Upload folder using huggingface_hub

81b3473 verified about 1 month ago

5.41 kB

	#!/bin/bash
	# =============================================================================
	# Headless GRPO Training Entrypoint Script
	# =============================================================================
	# This script orchestrates the training lifecycle:
	# 1. Validate environment (secrets, GPU)
	# 2. Authenticate with HuggingFace and W&B
	# 3. Run training
	# 4. Upload results
	# 5. Self-terminate pod (if RUNPOD_POD_ID is set)
	#
	# Exit on any error
	set -e

	echo "=============================================================="
	echo "Marxist-GRPO Headless Training"
	echo "=============================================================="
	echo "Start time: $(date -Iseconds)"
	echo ""

	# =============================================================================
	# 1. ENVIRONMENT VALIDATION
	# =============================================================================
	echo "[1/5] Validating environment..."

	# Check required secrets
	if [ -z "$HF_TOKEN" ]; then
	echo "ERROR: HF_TOKEN environment variable is required"
	exit 1
	fi

	if [ -z "$WANDB_API_KEY" ]; then
	echo "ERROR: WANDB_API_KEY environment variable is required"
	exit 1
	fi

	# Check GPU availability
	python -c "import torch; assert torch.cuda.is_available(), 'CUDA not available'" \|\| {
	echo "ERROR: CUDA/GPU not available"
	exit 1
	}

	echo " - HF_TOKEN: [set]"
	echo " - WANDB_API_KEY: [set]"
	echo " - GPU: $(python -c 'import torch; print(torch.cuda.get_device_name())')"
	echo " - VRAM: $(python -c 'import torch; print(f\"{torch.cuda.get_device_properties(0).total_memory/1e9:.1f} GB\")')"
	echo ""

	# =============================================================================
	# 2. AUTHENTICATION
	# =============================================================================
	echo "[2/5] Authenticating with services..."

	# Login to HuggingFace
	echo " - HuggingFace Hub..."
	huggingface-cli login --token "$HF_TOKEN" --add-to-git-credential 2>/dev/null \|\| true

	# Login to Weights & Biases
	echo " - Weights & Biases..."
	wandb login "$WANDB_API_KEY" 2>/dev/null \|\| true

	echo ""

	# =============================================================================
	# 3. DATA VALIDATION
	# =============================================================================
	echo "[3/5] Validating dataset..."

	DATASET_PATH="${DATASET_PATH:-/workspace/dataset.jsonl}"

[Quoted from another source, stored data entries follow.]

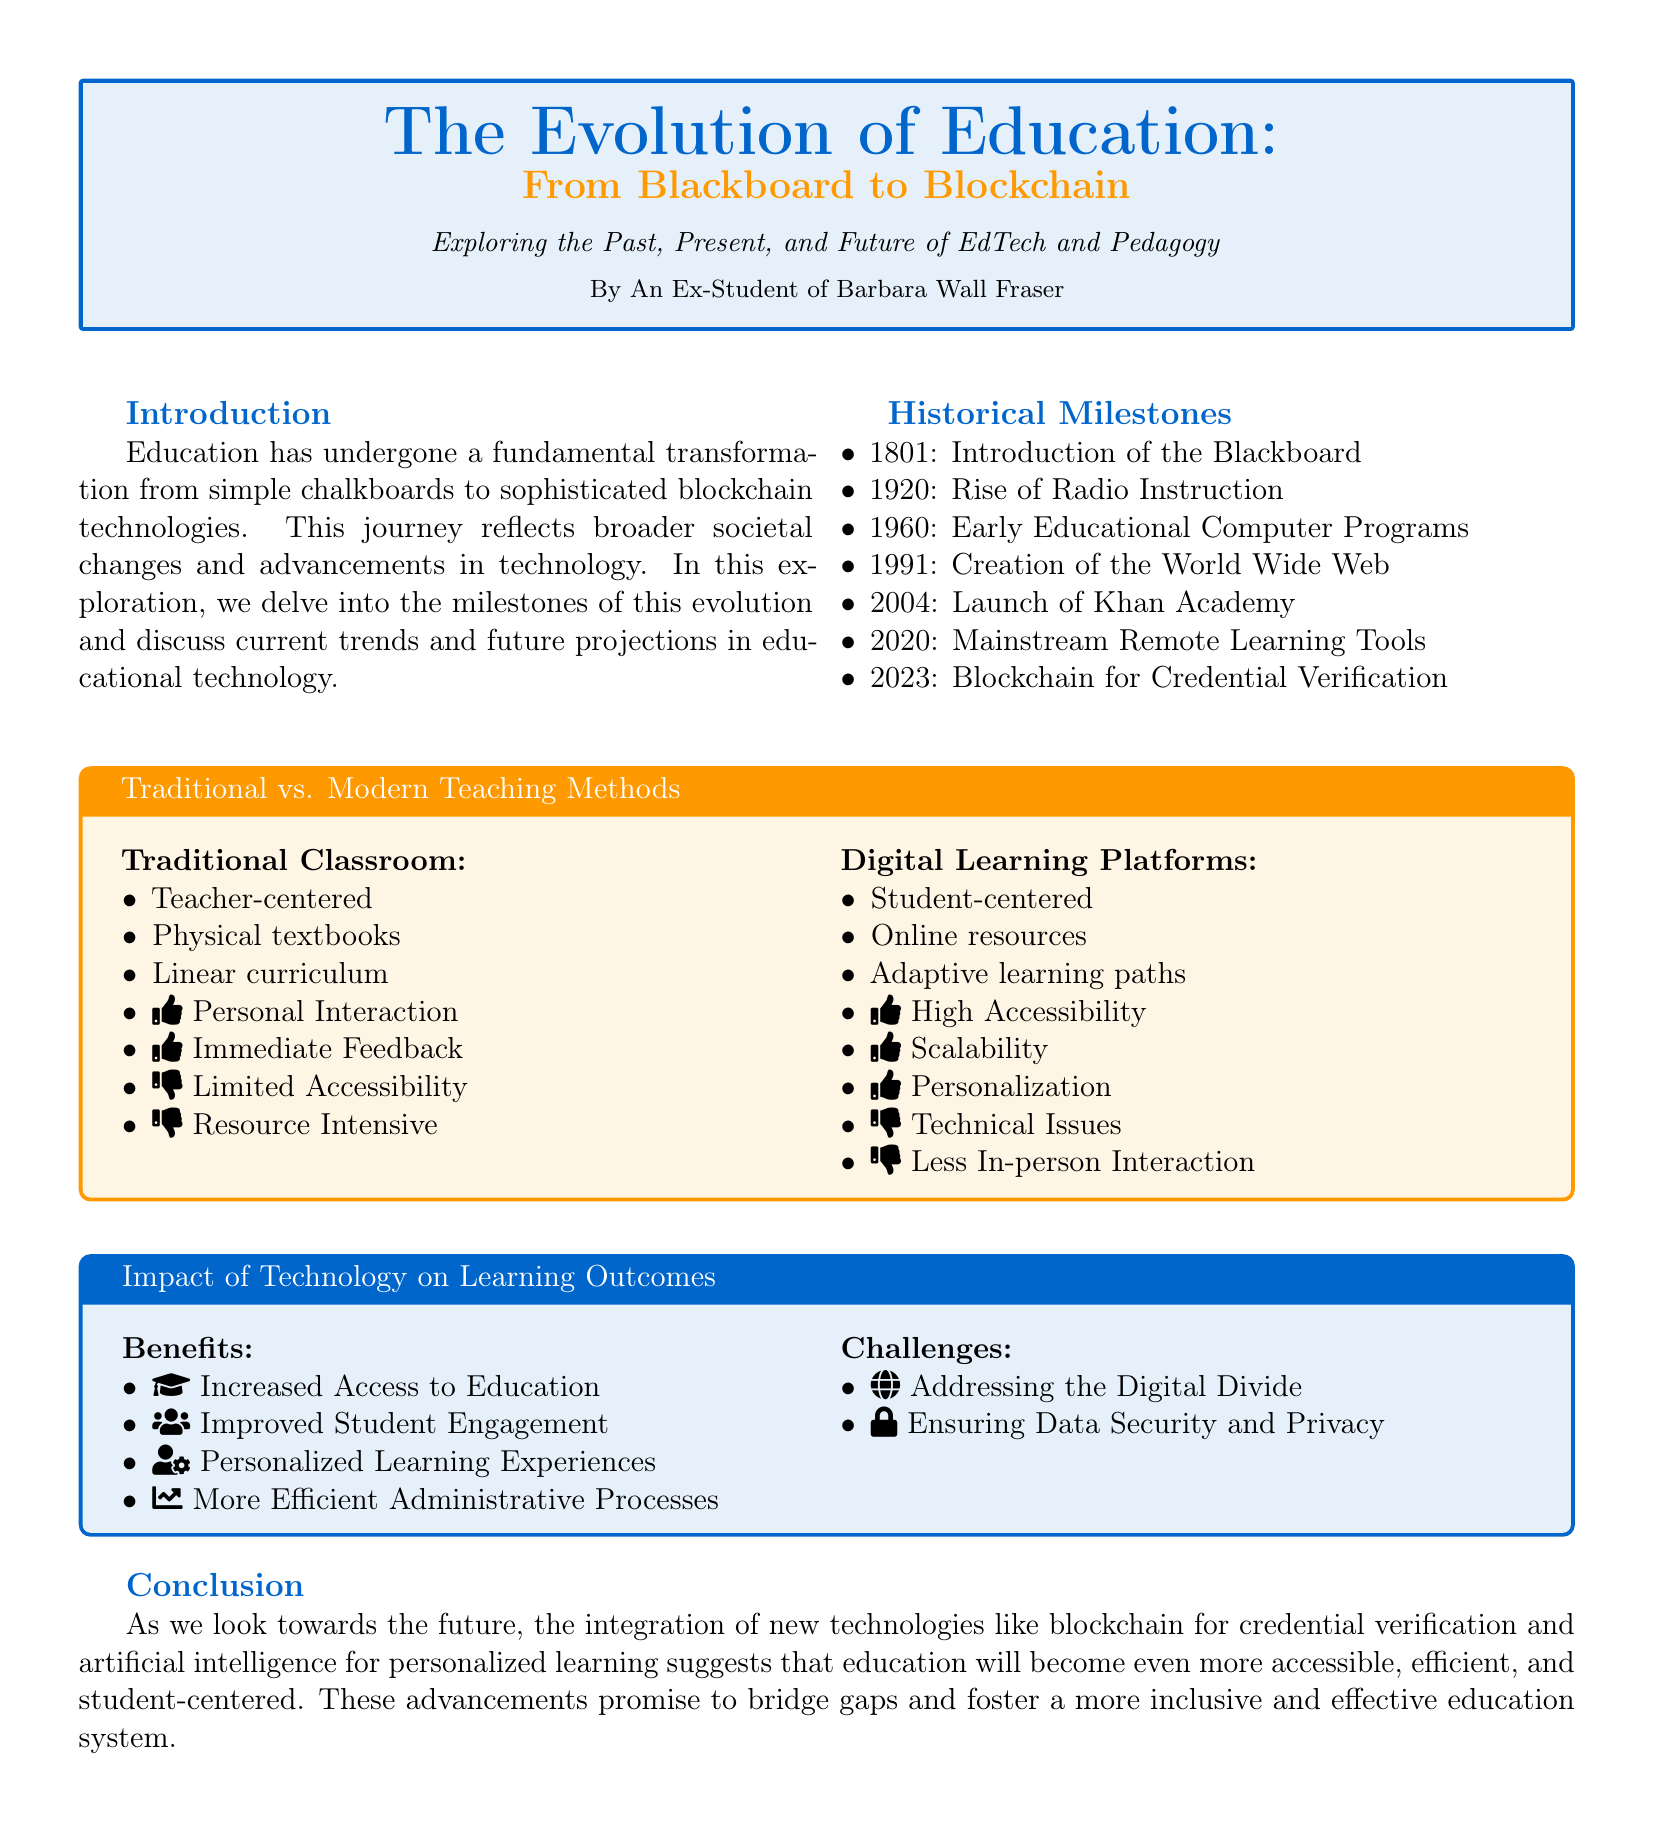What year was the Blackboard introduced? The document provides a historical milestone list where the introduction of the Blackboard is dated 1801.
Answer: 1801 What is one benefit of technology in learning outcomes? The document lists benefits of technology, one of which includes increased access to education.
Answer: Increased Access to Education What is the primary focus of traditional classrooms? The traditional classroom's focus is described as teacher-centered in the document.
Answer: Teacher-centered Name one challenge mentioned related to technology. The document outlines challenges, including addressing the digital divide.
Answer: Addressing the Digital Divide What major educational platform was launched in 2004? The historical milestone section lists Khan Academy as launched in 2004.
Answer: Khan Academy What type of learning paths do digital platforms offer? The document states that digital learning platforms provide adaptive learning paths.
Answer: Adaptive learning paths What year did blockchain begin being used for credential verification? The document mentions that blockchain for credential verification was introduced in 2023.
Answer: 2023 What design element is used to compare teaching methods? The document features a comparative chart to illustrate differences between traditional and modern teaching methods.
Answer: Comparative chart What is one key attribute of digital learning platforms? The document highlights personalization as a key attribute of digital learning platforms.
Answer: Personalization 
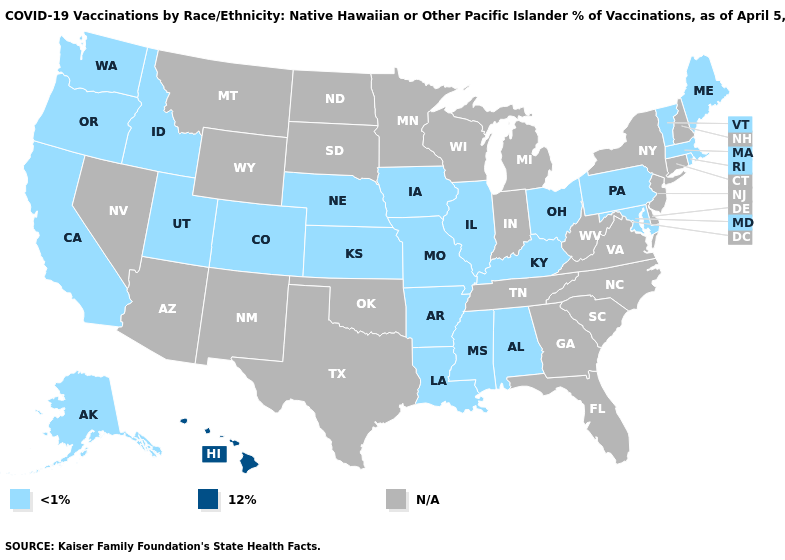What is the lowest value in the USA?
Be succinct. <1%. Which states have the lowest value in the West?
Be succinct. Alaska, California, Colorado, Idaho, Oregon, Utah, Washington. What is the lowest value in the Northeast?
Short answer required. <1%. What is the highest value in states that border New Mexico?
Concise answer only. <1%. Name the states that have a value in the range 12%?
Short answer required. Hawaii. What is the highest value in the USA?
Keep it brief. 12%. Does Iowa have the highest value in the USA?
Keep it brief. No. What is the lowest value in the MidWest?
Write a very short answer. <1%. Which states have the lowest value in the Northeast?
Keep it brief. Maine, Massachusetts, Pennsylvania, Rhode Island, Vermont. Is the legend a continuous bar?
Concise answer only. No. Name the states that have a value in the range N/A?
Quick response, please. Arizona, Connecticut, Delaware, Florida, Georgia, Indiana, Michigan, Minnesota, Montana, Nevada, New Hampshire, New Jersey, New Mexico, New York, North Carolina, North Dakota, Oklahoma, South Carolina, South Dakota, Tennessee, Texas, Virginia, West Virginia, Wisconsin, Wyoming. What is the highest value in states that border Georgia?
Answer briefly. <1%. 
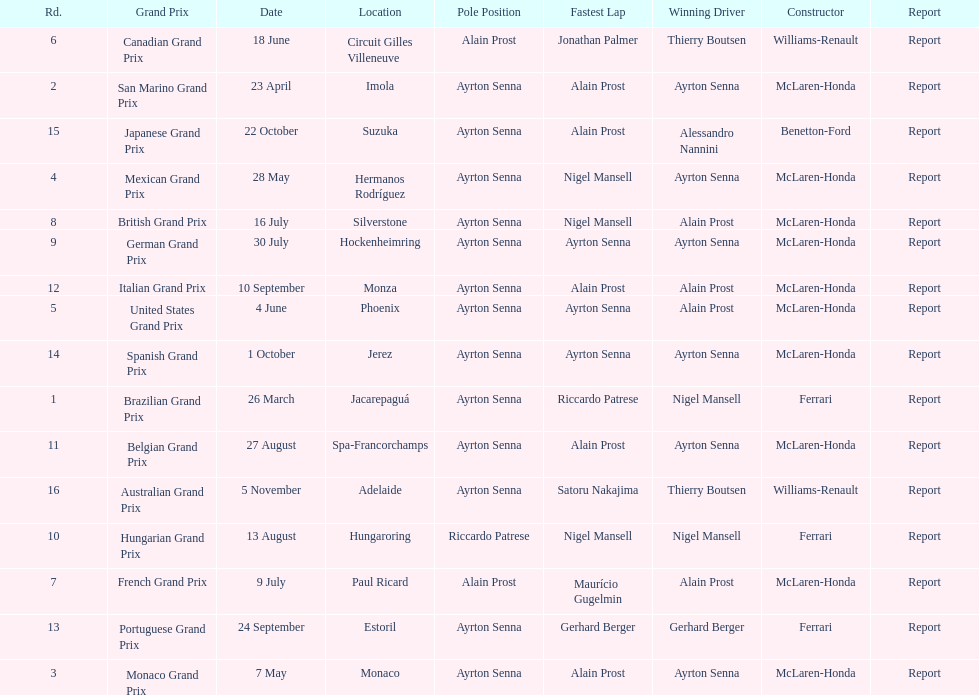What grand prix was before the san marino grand prix? Brazilian Grand Prix. Would you be able to parse every entry in this table? {'header': ['Rd.', 'Grand Prix', 'Date', 'Location', 'Pole Position', 'Fastest Lap', 'Winning Driver', 'Constructor', 'Report'], 'rows': [['6', 'Canadian Grand Prix', '18 June', 'Circuit Gilles Villeneuve', 'Alain Prost', 'Jonathan Palmer', 'Thierry Boutsen', 'Williams-Renault', 'Report'], ['2', 'San Marino Grand Prix', '23 April', 'Imola', 'Ayrton Senna', 'Alain Prost', 'Ayrton Senna', 'McLaren-Honda', 'Report'], ['15', 'Japanese Grand Prix', '22 October', 'Suzuka', 'Ayrton Senna', 'Alain Prost', 'Alessandro Nannini', 'Benetton-Ford', 'Report'], ['4', 'Mexican Grand Prix', '28 May', 'Hermanos Rodríguez', 'Ayrton Senna', 'Nigel Mansell', 'Ayrton Senna', 'McLaren-Honda', 'Report'], ['8', 'British Grand Prix', '16 July', 'Silverstone', 'Ayrton Senna', 'Nigel Mansell', 'Alain Prost', 'McLaren-Honda', 'Report'], ['9', 'German Grand Prix', '30 July', 'Hockenheimring', 'Ayrton Senna', 'Ayrton Senna', 'Ayrton Senna', 'McLaren-Honda', 'Report'], ['12', 'Italian Grand Prix', '10 September', 'Monza', 'Ayrton Senna', 'Alain Prost', 'Alain Prost', 'McLaren-Honda', 'Report'], ['5', 'United States Grand Prix', '4 June', 'Phoenix', 'Ayrton Senna', 'Ayrton Senna', 'Alain Prost', 'McLaren-Honda', 'Report'], ['14', 'Spanish Grand Prix', '1 October', 'Jerez', 'Ayrton Senna', 'Ayrton Senna', 'Ayrton Senna', 'McLaren-Honda', 'Report'], ['1', 'Brazilian Grand Prix', '26 March', 'Jacarepaguá', 'Ayrton Senna', 'Riccardo Patrese', 'Nigel Mansell', 'Ferrari', 'Report'], ['11', 'Belgian Grand Prix', '27 August', 'Spa-Francorchamps', 'Ayrton Senna', 'Alain Prost', 'Ayrton Senna', 'McLaren-Honda', 'Report'], ['16', 'Australian Grand Prix', '5 November', 'Adelaide', 'Ayrton Senna', 'Satoru Nakajima', 'Thierry Boutsen', 'Williams-Renault', 'Report'], ['10', 'Hungarian Grand Prix', '13 August', 'Hungaroring', 'Riccardo Patrese', 'Nigel Mansell', 'Nigel Mansell', 'Ferrari', 'Report'], ['7', 'French Grand Prix', '9 July', 'Paul Ricard', 'Alain Prost', 'Maurício Gugelmin', 'Alain Prost', 'McLaren-Honda', 'Report'], ['13', 'Portuguese Grand Prix', '24 September', 'Estoril', 'Ayrton Senna', 'Gerhard Berger', 'Gerhard Berger', 'Ferrari', 'Report'], ['3', 'Monaco Grand Prix', '7 May', 'Monaco', 'Ayrton Senna', 'Alain Prost', 'Ayrton Senna', 'McLaren-Honda', 'Report']]} 
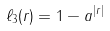Convert formula to latex. <formula><loc_0><loc_0><loc_500><loc_500>\ell _ { 3 } ( r ) = 1 - a ^ { | r | }</formula> 
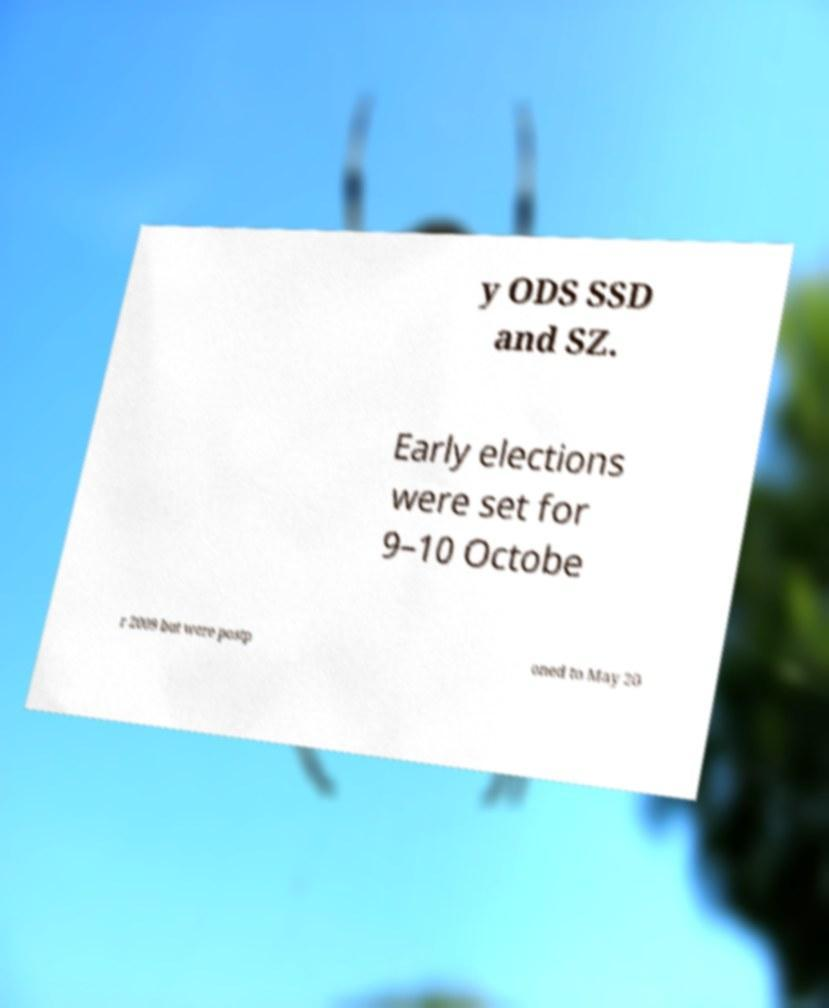There's text embedded in this image that I need extracted. Can you transcribe it verbatim? y ODS SSD and SZ. Early elections were set for 9–10 Octobe r 2009 but were postp oned to May 20

	if [ ! -f "$DATASET_PATH" ]; then
	echo "ERROR: Dataset not found at $DATASET_PATH"

	# If DATASET_URL is set, try to download
	if [ -n "$DATASET_URL" ]; then
	echo "Attempting to download from DATASET_URL..."
	wget -O "$DATASET_PATH" "$DATASET_URL" \|\| {
	echo "ERROR: Failed to download dataset"
	exit 1
	}
	else
	exit 1
	fi
	fi

	RECORD_COUNT=$(wc -l < "$DATASET_PATH")
	echo " - Dataset: $DATASET_PATH"
	echo " - Records: $RECORD_COUNT"
	echo ""

	# =============================================================================
	# 4. TRAINING
	# =============================================================================
	echo "[4/5] Starting training..."
	echo ""
	echo "Configuration:"
	echo " - Model: ${MODEL_NAME:-unsloth/DeepSeek-R1-0528-Qwen3-8B}"
	echo " - Max Steps: ${MAX_STEPS:-500}"
	echo " - Batch Size: ${BATCH_SIZE:-2} x ${GRADIENT_ACCUMULATION:-2}"
	echo " - Learning Rate: ${LEARNING_RATE:-5e-6}"
	echo " - Reward Mode: ${REWARD_MODE:-FULL}"
	echo " - HF Repo: ${HF_REPO:-prolewiki/marxist-grpo-lora}"
	echo ""

	# Create output directories (use env vars to allow override in tests)
	CHECKPOINT_DIR="${CHECKPOINT_DIR:-/workspace/checkpoints}"
	LORA_OUTPUT="${LORA_OUTPUT:-/workspace/lora-output}"
	OUTPUT_DIR="${OUTPUT_DIR:-/workspace/outputs}"
	mkdir -p "$CHECKPOINT_DIR"
	mkdir -p "$LORA_OUTPUT"
	mkdir -p "$OUTPUT_DIR"

	# Run training
	# Note: The training script handles all the environment variables
	# IMPORTANT: Disable set -e temporarily to capture exit code for failure handling
	set +e
	python -m prolewiki_llm.train_headless
	TRAINING_EXIT_CODE=$?
	set -e

	echo ""
	echo "Training completed with exit code: $TRAINING_EXIT_CODE"
	echo ""

	# =============================================================================
	# 5. CLEANUP AND TERMINATION
	# =============================================================================
	echo "[5/5] Cleanup..."

	# Log completion time
	echo "End time: $(date -Iseconds)"

	# If training succeeded and RUNPOD_POD_ID is set, terminate the pod
	if [ $TRAINING_EXIT_CODE -eq 0 ]; then
	echo "Training completed successfully!"

	if [ -n "$RUNPOD_POD_ID" ]; then
	echo ""
	echo "Terminating pod to stop billing..."
	echo "Pod ID: $RUNPOD_POD_ID"

	# Give a few seconds for logs to flush
	sleep 5

	# Stop the pod
	runpodctl stop pod "$RUNPOD_POD_ID" \|\| {
	echo "Warning: Failed to stop pod automatically"
	echo "Please manually stop pod $RUNPOD_POD_ID to avoid billing"
	}
	else
	echo ""
	echo "Note: RUNPOD_POD_ID not set - pod will continue running"
	echo "Remember to stop the pod manually to avoid billing!"
	fi
	else
	echo "Training failed with exit code $TRAINING_EXIT_CODE"
	echo "Pod will NOT be automatically terminated for debugging"
	echo ""
	echo "To debug:"
	echo " 1. SSH into the pod"
	echo " 2. Check /workspace/outputs for logs"
	echo " 3. Check W&B dashboard for metrics"
	fi

	exit $TRAINING_EXIT_CODE